Serena Williams left her Australian Open news conference in tears after her semi-final defeat by Naomi Osaka.
The American great saw her latest bid for a record-equalling 24th Grand Slam title ended by Japan’s three-time major champion Osaka, who won 6-3 6-4.
She gave the crowd inside Rod Laver Arena a long wave goodbye with her hand over her heart, leading to questions over the 39-year-old’s future.
She responded: “I don’t know. If I ever say farewell, I wouldn’t tell anyone.”
Williams became tearful when asked a further question about her unforced errors against Osaka.
“I don’t know. I’m done,” she said, before leaving the room.
Williams thanked her fans in a post on Instagram shortly after the match.
“Today was not ideal outcome or performance but it happens. I am so honoured to be able to play in front of you all,” she wrote.
“Your support, your cheers, I only wish I could have done better for you today.
“I am forever in debt and grateful to each and every single one of you.”
‘Wimbledon is Williams’ best chance’
Williams has been aiming to equal Margaret Court’s major record since her return from maternity leave in 2018.
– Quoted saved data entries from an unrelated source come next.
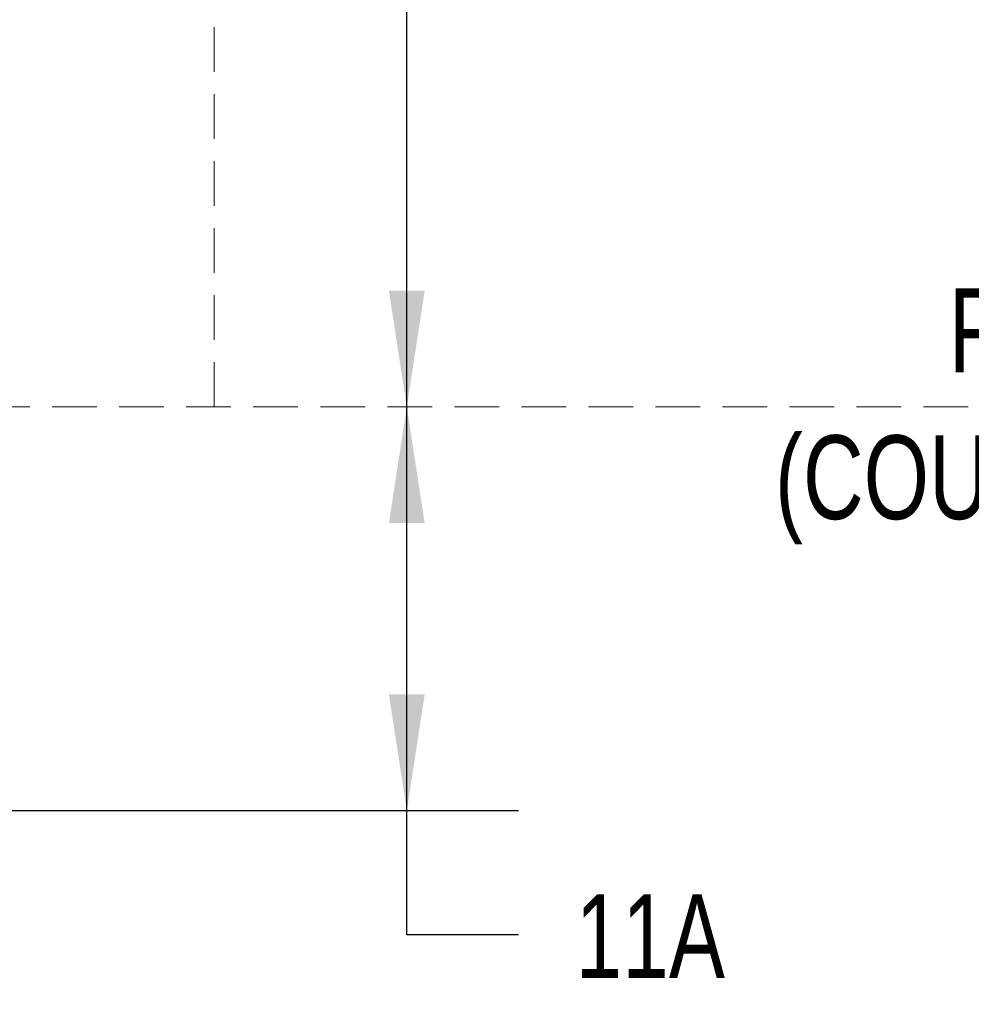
# Model space of a CAD drawing. Header units: inches. Extents: x 42 to 206, y 24 to 147.
# Tile 28 of 47: x 107 to 125, y 93 to 111. Entities that reach past the tile are written whole.
import ezdxf

# ---------------------------------------------------------------- set-up
doc = ezdxf.new("R2010")
doc.units = ezdxf.units.IN
doc.header["$LTSCALE"] = 16
doc.header["$MEASUREMENT"] = 0
doc.linetypes.add('HIDDEN', pattern=[0.075, 0.05, -0.025])
doc.layers.add('FORMAT', color=7, linetype='Continuous')
doc.styles.add('SLDTEXTSTYLE0', font='TXT', dxfattribs={"width": 0.75})
doc.dimstyles.new('SLDDIMSTYLE0', dxfattribs={"dimtxt": 1.5, "dimasz": 2.08, "dimexe": 0, "dimexo": 0.0625, "dimgap": 0.375, "dimtad": 0, "dimtih": 1, "dimtoh": 1, "dimdec": 0, "dimrnd": 1e-09, "dimzin": 12, "dimdsep": 46, "dimlunit": 5, "dimtxsty": 'SLDTEXTSTYLE0', "dimsah": 1, "dimcen": 0.09, "dimadec": 0, "dimazin": 3, "dimtfac": 1, "dimtdec": 0, "dimtofl": 0, "dimtmove": 0, "dimatfit": 3, "dimfxl": 1, "dimfrac": 2, "dimtolj": 1, "dimtzin": 12, "dimarcsym": 0})

# ---------------------------------------------------------------- blocks, each defined once
blk = doc.blocks.new('_D_6')
at = {"layer": 'FORMAT'}
for p, q in [((114.402, 96.726), (114.402, 103.956)), ((101.603, 96.726), (116.402, 96.726)), ((114.402, 94.504), (114.402, 96.726)), ((116.402, 94.504), (114.402, 94.504))]:
    blk.add_line(p, q, dxfattribs=at)
for points in [[(114.402, 103.956), (114.082, 101.876), (114.722, 101.876)], [(114.402, 96.726), (114.722, 98.806), (114.082, 98.806)]]:
    blk.add_solid(points, dxfattribs=at)
at = {"layer": 'FORMAT', "insert": (117.421, 95.226), "char_height": 1.5, "attachment_point": 1, "style": 'SLDTEXTSTYLE0'}
blk.add_mtext('11A', dxfattribs=at)
blk = doc.blocks.new('_D_7')
at = {"layer": 'FORMAT'}
for p, q in [((101.002, 123.093), (116.402, 123.093)), ((114.402, 123.093), (114.402, 114.737)), ((114.402, 103.956), (114.402, 112.312))]:
    blk.add_line(p, q, dxfattribs=at)
for points in [[(114.402, 123.093), (114.082, 121.013), (114.722, 121.013)], [(114.402, 103.956), (114.722, 106.036), (114.082, 106.036)]]:
    blk.add_solid(points, dxfattribs=at)
at = {"layer": 'FORMAT', "insert": (113.102, 114.246), "char_height": 1.5, "attachment_point": 1, "style": 'SLDTEXTSTYLE0'}
blk.add_mtext('6A', dxfattribs=at)
blk = doc.blocks.new('SW_NOTE_0_4')
at = {"layer": 'FORMAT', "color": 0, "char_height": 1.5, "attachment_point": 2, "style": 'SLDTEXTSTYLE0'}
for s, insert in [('FRONT OF ENCLOSURE', (10.336, 1.934)), ('(COUNTER TOP NOT INCLUDED)', (10.315, -0.696))]:
    blk.add_mtext(s, dxfattribs=dict(at, insert=insert))

msp = doc.modelspace()

# ---------------------------------------------------------------- linework, layer by layer
at = {"layer": 'FORMAT', "linetype": 'HIDDEN', "lineweight": 18}
for p, q in [((110.952, 103.956), (110.952, 141.093)), ((150.854, 103.956), (46.763, 103.956))]:
    msp.add_line(p, q, dxfattribs=at)

# ---------------------------------------------------------------- block references
at = {"layer": 'FORMAT'}
msp.add_blockref('SW_NOTE_0_4', (122.505, 104.142), dxfattribs=at)

# ---------------------------------------------------------------- dimensions: what is measured, and where the dimension line sits
for p1, text, picture, middle in [((100.202, 123.093), '6A', '_D_7', (114.402, 113.524)), ((100.803, 96.726), '11A', '_D_6', (114.402, 94.504))]:
    dim = msp.add_linear_dim(base=(114.402, 103.956), p1=p1, p2=(150.854, 103.956), angle=90, text=text, dimstyle='SLDDIMSTYLE0', dxfattribs=at)
    dim.commit()
    dim.dimension.update_dxf_attribs({"geometry": picture, "text_midpoint": middle, "dimtype": 160})

doc.saveas('drawing.dxf')

Her 23 Grand Slam titles is the most by any player in the Open Era, with 13 of Court’s titles coming before the tour became fully professional.
Since her return, Williams has reached four Grand Slam finals but lost them all, including to Osaka at the 2018 US Open.
Former British number one Annabel Croft says Wimbledon, where Williams has won eight titles, is her best chance to equal Court’s record.
“Serena seemed to be in a happy place and I was thinking this is it – this is the time she is going to win her 24th,” Croft told BBC Radio 5 Live.
“Time is not on her side, though. You have to marvel at well she is playing considering there is such a huge difference in age against some of her opponents.
“The draw would weirdly have to open up for her [to win] but it is not beyond the realms of possibility.”
It is the first time in 18 years that Williams has lost an Australian Open semi-final.
It is also her first loss against a top five opponent at a hard court Grand Slam since she was beaten by Jelena Jankovic in the Australian Open last 16 in 2008.
Osaka, who has often spoken of her admiration for Williams, said talk of the American retiring made her “sad”.
“I want her to play forever,” Osaka said. “That’s the little kid in me.
“Every time I play her, I feel like it’s something I’ll definitely remember a lot.”
Novak Djokovic, the men’s number one and a 17-time Grand Slam champion, said he could “empathise” with Williams.
After reaching the final in Melbourne, the 33-year-old Serb is one more win from closing the gap on Roger Federer and Rafael Nadal, who jointly hold the men’s record of 20 major wins.
“When you’re chasing big things that are related to the history of the sport, obviously it has a lot of weight, a lot of pressure,” he said.
“Regardless of the amount of years that you have played on the tour and the experience that you have, you still feel it on your shoulders.
“I’m proud and honoured to be playing at the same time she does and to experience her greatness is a thrill. She’s one of the greatest athletes ever.”